So... predictions please. :cool: What's it going to do when the market opens again on Thursday?

Friday?

TIA ;)

Runs for cover...o_O

In a word, UP.

In two words, it depends

Not to be vague but it's really a bit hard to say for THIS week. It's an odd week. Having had the fed last week, G20 last weekend (and all the fake information sent out by OI that all proved to be totally untrue) and with a day in the middle of the week cancelled for trading it makes it pretty hard to predict anything. The Fed policy statement to the Senate was cancelled at the last miniute and we have a final employment quote on Friday. For situations like this, I sit on my hands and watch and review. It's a lot going on.

Tuesday (black tuesday - was that just YESTERDAY) was an anomaly in my opinion and not necessarily indicative of the end of days. Smart money IS moving to fixed income more and more (I've actually increased to my highest positions of FI EVER! 12% in BBB) and that dislocation of capitol from a small market - the stock market - to the bond market - THE LARGEST market there is going to be some real volatility.

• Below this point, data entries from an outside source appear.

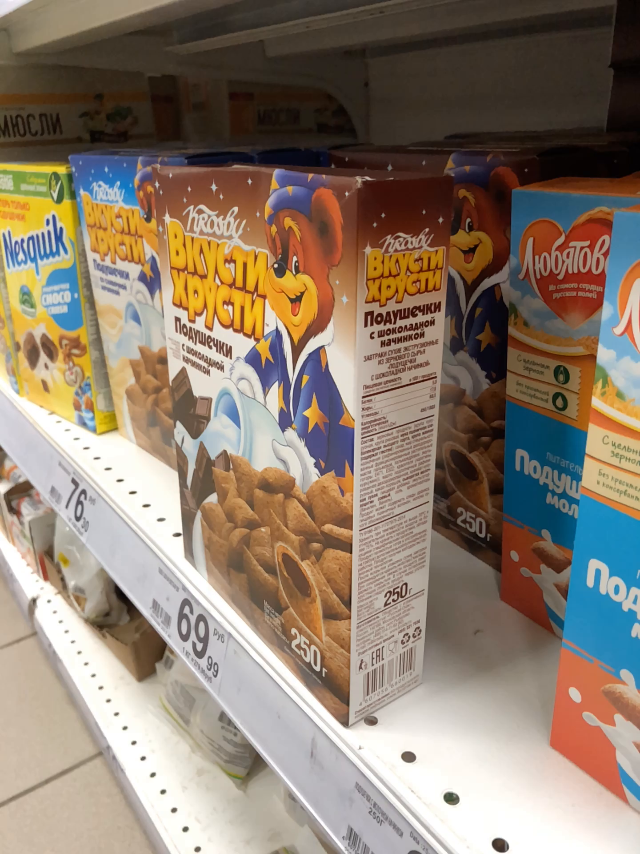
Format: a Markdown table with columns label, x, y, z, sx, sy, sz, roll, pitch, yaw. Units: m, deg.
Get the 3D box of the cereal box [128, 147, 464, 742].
| label | x | y | z | sx | sy | sz | roll | pitch | yaw |
| --- | --- | --- | --- | --- | --- | --- | --- | --- | --- |
| cereal box | -0.023 | -0.009 | 0.336 | 0.050 | 0.229 | 0.181 | -14 | 26 | -32 |
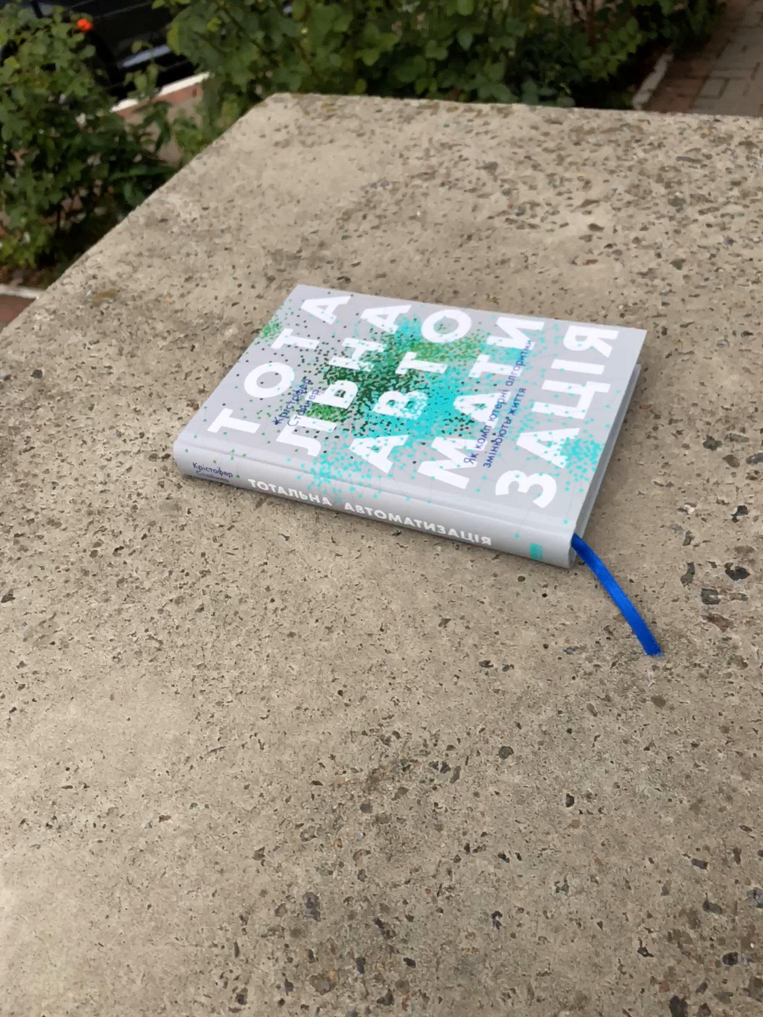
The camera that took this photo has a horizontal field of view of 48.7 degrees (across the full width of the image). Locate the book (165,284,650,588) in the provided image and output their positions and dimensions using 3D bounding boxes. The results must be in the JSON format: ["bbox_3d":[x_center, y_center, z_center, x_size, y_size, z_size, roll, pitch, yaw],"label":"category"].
[{"bbox_3d":[0.017,-0.052,0.461,0.220,0.030,0.151,14,53,21],"label":"book"}]

We were really moving up in yield on 10's later in the year, and now we're well back to where we were basically at the start of the year. And, well the market is also basically where we were at the begin of the year. AND companies have put in nearly 1 TRILLION into buybacks and many if not most companies are LOWER than they were. Can you say wasted powder? Anyway.

Tesla held up VERY well in that market, there just weren't the sellers and what was resistance (355.5$), has now pretty much become support. Or there abouts. A break DOWN to 346$, would open up 33x amounts. But, I think its up to $370 at this point. And it could be $372. I know we have a bogey out there at 387$ from "take private",, but I usually keep targets like that if they are one time and not tested as outliers. It's the kind of thing were you see it, but take the bottom one off and the top one off and work on everything in the middle. So, it would be something if we got ABOVE it, most likely won't happen till after Q4 earnings release but I don't see it as too significant other than ATH!

So, I think we could push back into the $36x's the rest of this week, short of a giant market puke and push up and constructive to $370 into next week and higher but not $380 higher till some REAL news comes out. Short of bad economic or company news, people will be looking to accumulate into earnings.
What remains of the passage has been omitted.